Boeing Is Building A New Jet To Cater To Beijing's 'One Belt, One Road'

Even after China led the global grounding of Boeing's 737 MAX 8 following the March 10 crash of ET302 - the second deadly crash under similar circumstances within five months - and even with Boeing's planes becoming a top target for Beijing in the ongoing trade spat with the US, it's possible that the aerospace company might lead the ranks of American firms seeking to cater to President Xi's "One Belt, One Road" initiative - much to Washington's consternation, we imagine.

According to the South China Morning Post, Boeing sees potential for an aircraft that would make more routes viable between nations involved in the BRI - something that could fly on medium range routes where the 737 is too small to accommodate airlines' needs and the larger 787 are too big and costly to fly.

Boeing

But with Boeing still grappling with the fallout from the 737's grounding, a decision on the new model - which has been dubbed the 797 within Boeing - likely won't come until next year.

Last month, Italy became the first G-7 nation to officially join what has been derided as Xi's "neocolonial project". The sweeping plan to create new economic and infrastructure links between Europe, Asia and Africa is one of the signature projects of Xi's rule.

"China is a little bit unique in that it has misused a lot of wide-body planes," Tinseth said on the sidelines of an aviation conference on the trade initiative. "A middle-of-the-market airplane would better allow them to optimise that process, so it’s an opportunity in China, no question."

In Boeng's battle with Airbus over supremacy in the global aviation market, China is a key prize.
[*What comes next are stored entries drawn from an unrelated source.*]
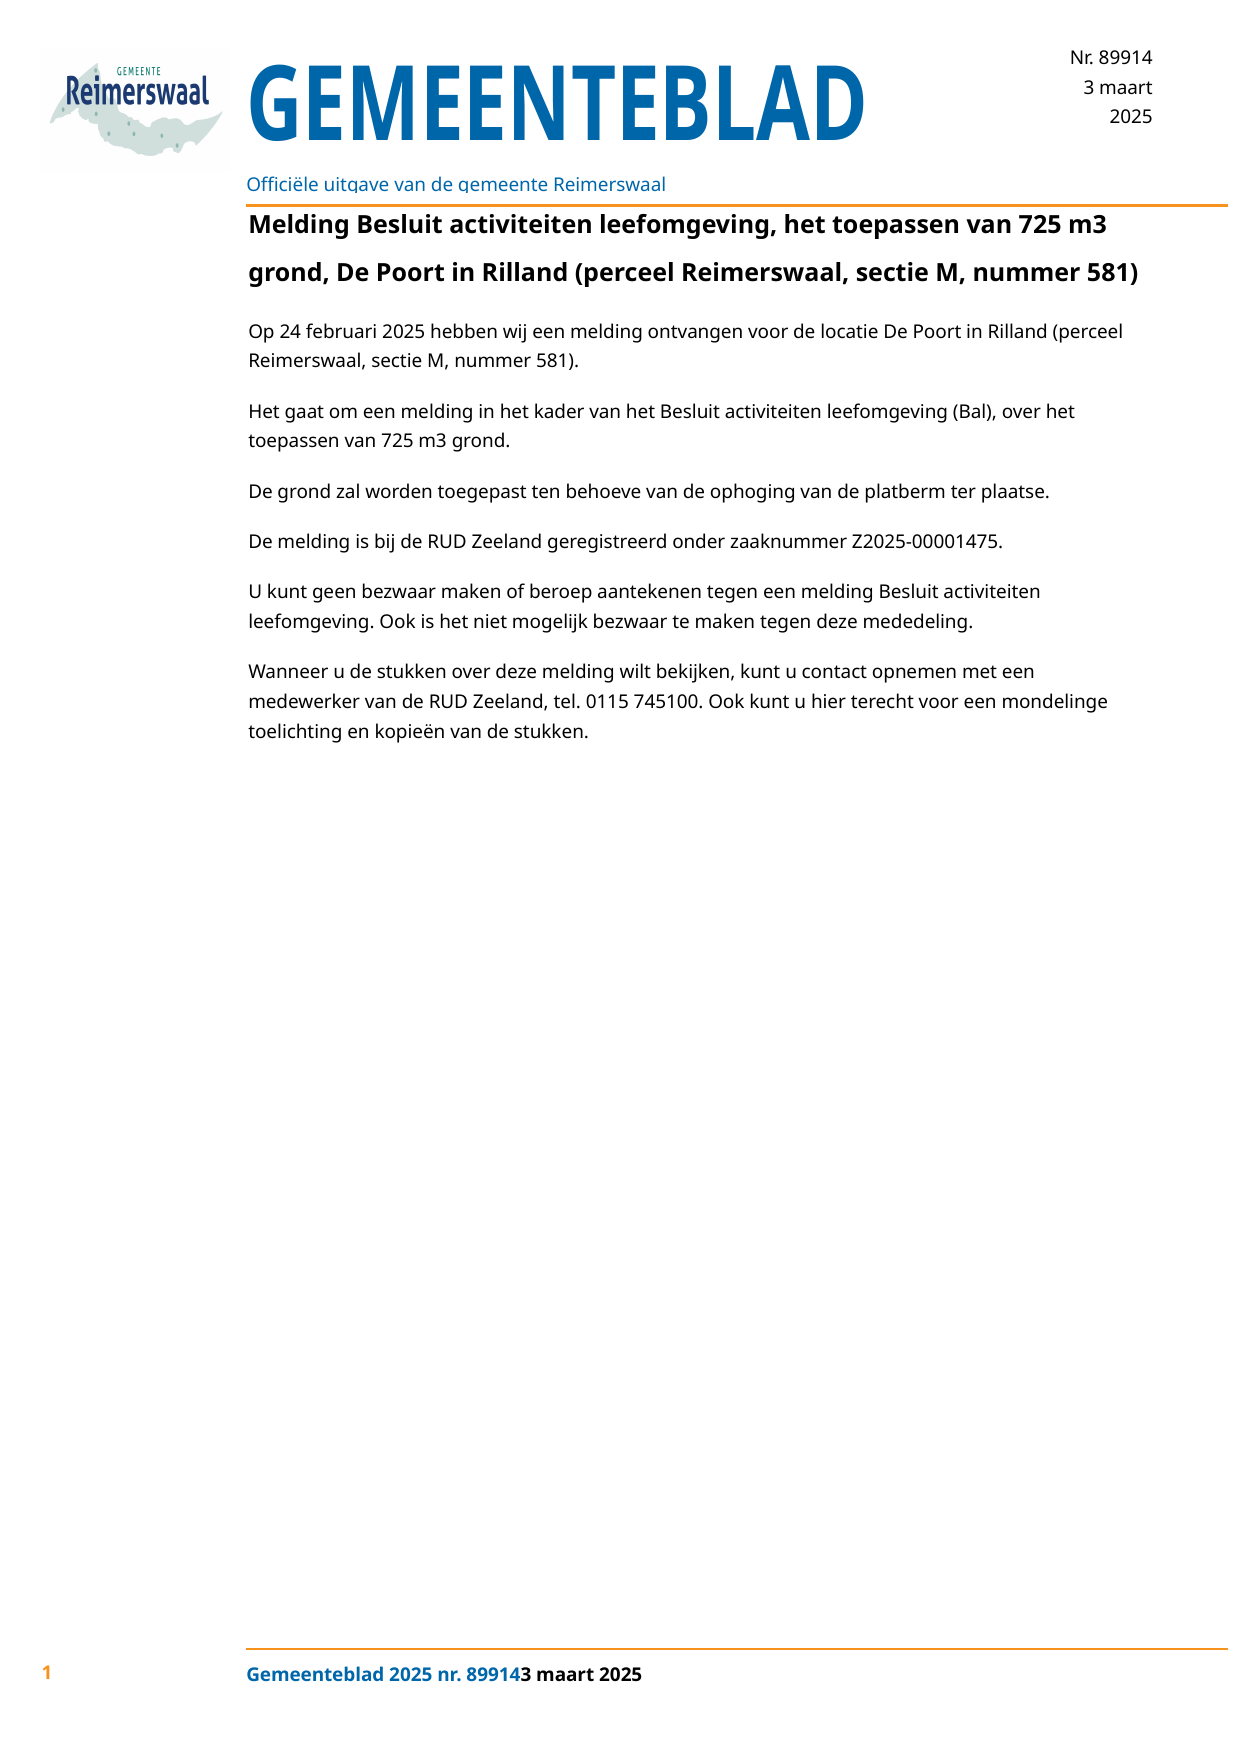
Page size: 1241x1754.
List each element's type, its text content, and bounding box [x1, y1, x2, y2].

text U kunt geen bezwaar maken of beroep aantekenen tegen een melding Besluit activiteiten leefomgeving. Ook is het niet mogelijk bezwaar te maken tegen deze mededeling. [248, 579, 1152, 634]
text Melding Besluit activiteiten leefomgeving, het toepassen van 725 m3 grond, De Poort in Rilland (perceel Reimerswaal, sectie M, nummer 581) [248, 207, 1152, 288]
text Wanneer u de stukken over deze melding wilt bekijken, kunt u contact opnemen met een medewerker van de RUD Zeeland, tel. 0115 745100. Ook kunt u hier terecht voor een mondelinge toelichting en kopieën van de stukken. [248, 659, 1152, 744]
text De grond zal worden toegepast ten behoeve van de ophoging van de platberm ter plaatse. [248, 478, 1152, 504]
text Op 24 februari 2025 hebben wij een melding ontvangen voor de locatie De Poort in Rilland (perceel Reimerswaal, sectie M, nummer 581). [248, 318, 1152, 373]
picture [41, 47, 231, 172]
text De melding is bij de RUD Zeeland geregistreerd onder zaaknummer Z2025-00001475. [248, 528, 1152, 554]
text Het gaat om een melding in het kader van het Besluit activiteiten leefomgeving (Bal), over het toepassen van 725 m3 grond. [248, 398, 1152, 453]

Expected to become the world's largest aviation market by the mid-2020s, the world's second-largest economy is expected to buy some 7,690 planes.
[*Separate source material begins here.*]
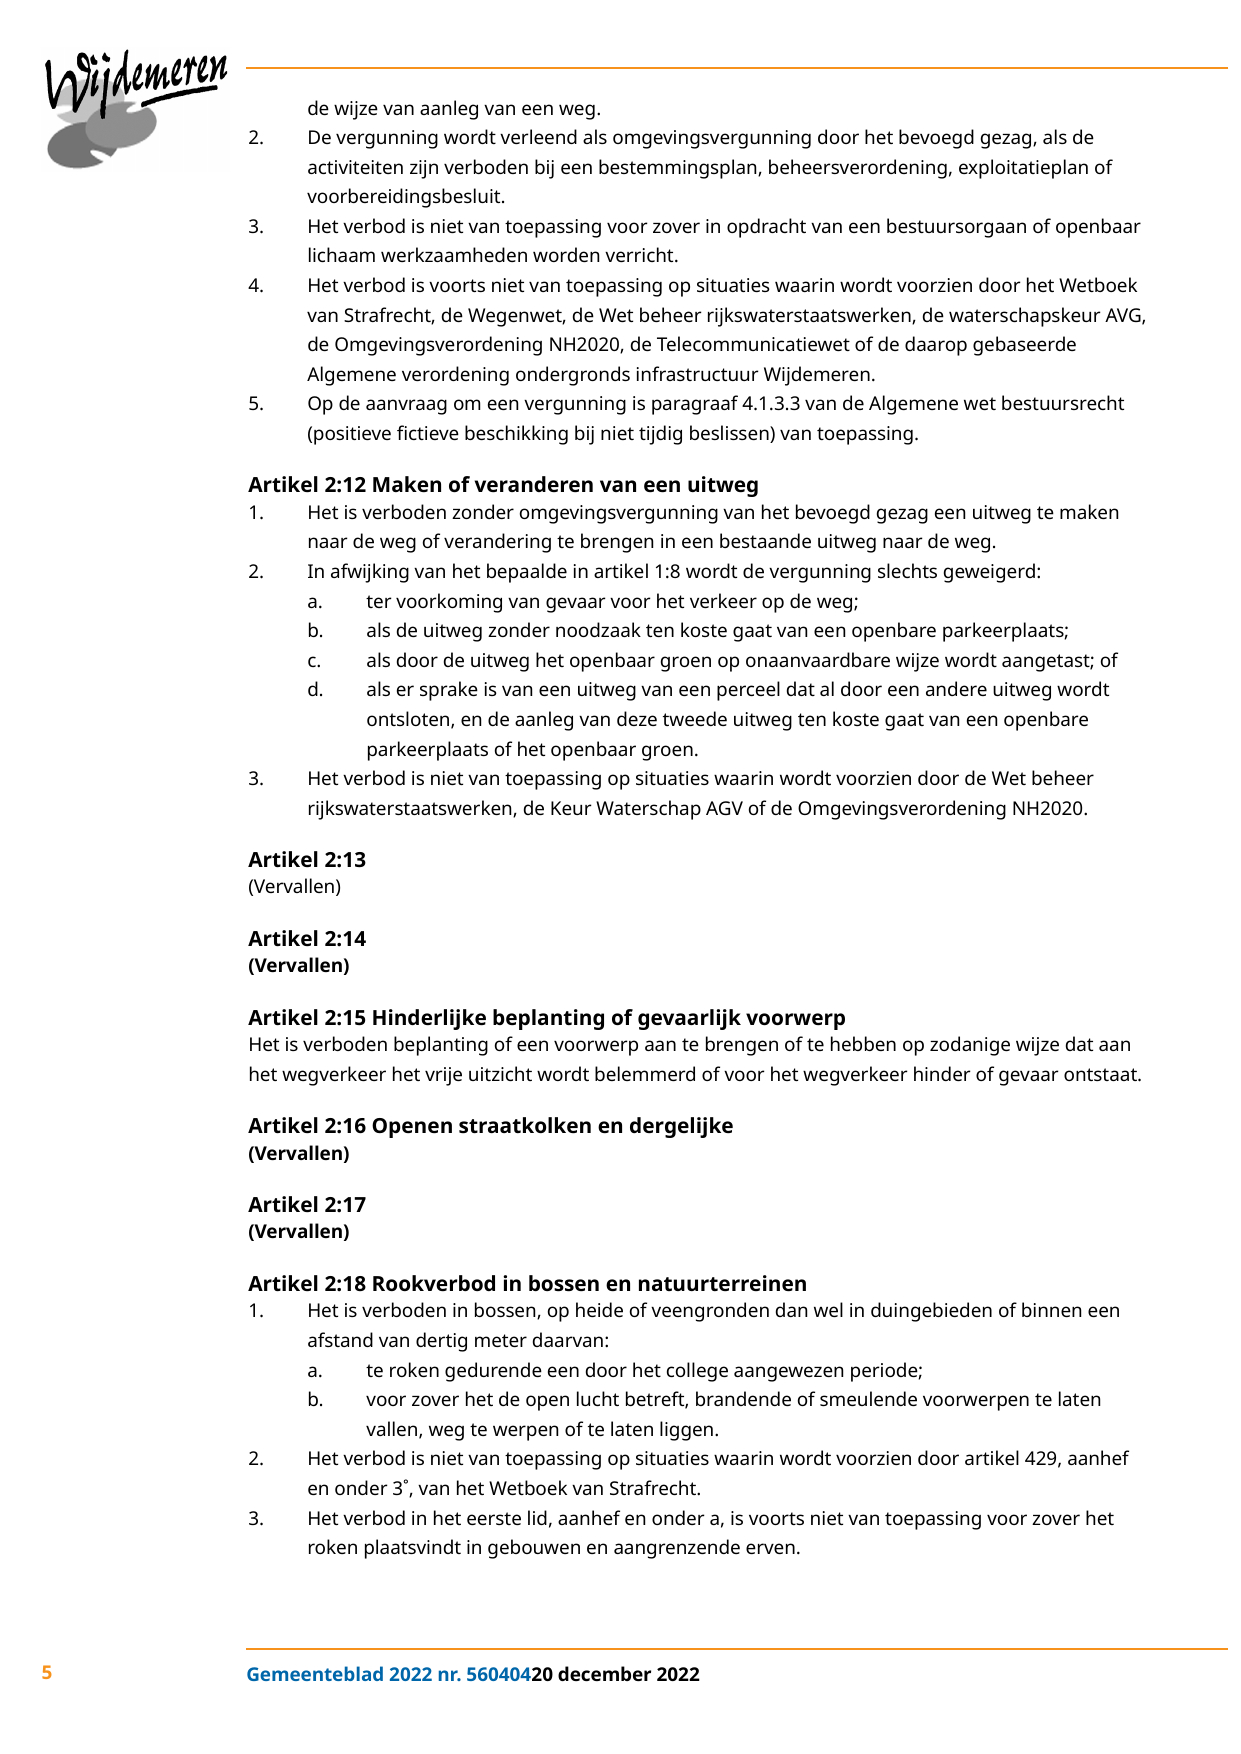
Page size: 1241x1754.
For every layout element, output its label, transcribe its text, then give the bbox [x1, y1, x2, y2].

According to Boeing marketing chief Randy Tinseth, the new plane would be a boon for China, which he says has "misused" wide-body planes on these types of medium-length routes.

"China is a little bit unique in that it has misused a lot of wide-body planes," Tinseth said on the sidelines of an aviation conference on the trade initiative. "A middle-of-the-market airplane would better allow them to optimise that process, so it’s an opportunity in China, no question."

"For a middle-of-the-market airplane, 40 per cent of the market in general is in Asia, and 40 per cent of the demand for a new mid-sized aircraft would be here as well. There is no mystery there," Tinseth said.

Tinseth added that Boeing's timeline would involve getting the new plane in the air some time during the middle of the next decade. Then again, it's also possible that China's home-grown rival Comac could dominate this market as it seeks to become a "third option" challenging both Boeing and Airbus. Though involving Comac in the production of such a plane could give Boeing an edge.

Another challenge for Boeing is the trade war. Despite opening a delivery center at Zhoushan in Zhejiang province to focus on assembling the 737, Boeing hasn't secured an order from China since late 2017, before trade tensions between the US and China flared. Meanwhile, Airbus last month secured a $33 billion order for 300 planes.

Cathay Pacific Airways, one of Asia’s biggest carriers and Hong Kong’s flagship airline, said a medium-haul plane might not be necessary due to limited appetite for new flights along belt and road routes, but this was in part because many governments in Central Asia have been stingy about handing out flying rights to foreign airlines. And as economic growth increases, that demand would likely rise.

But if Boeing can't convince the world that its planes are safe, or if the Trump administration fails to secure a trade deal with China, the 797 could be dead before it ever begins.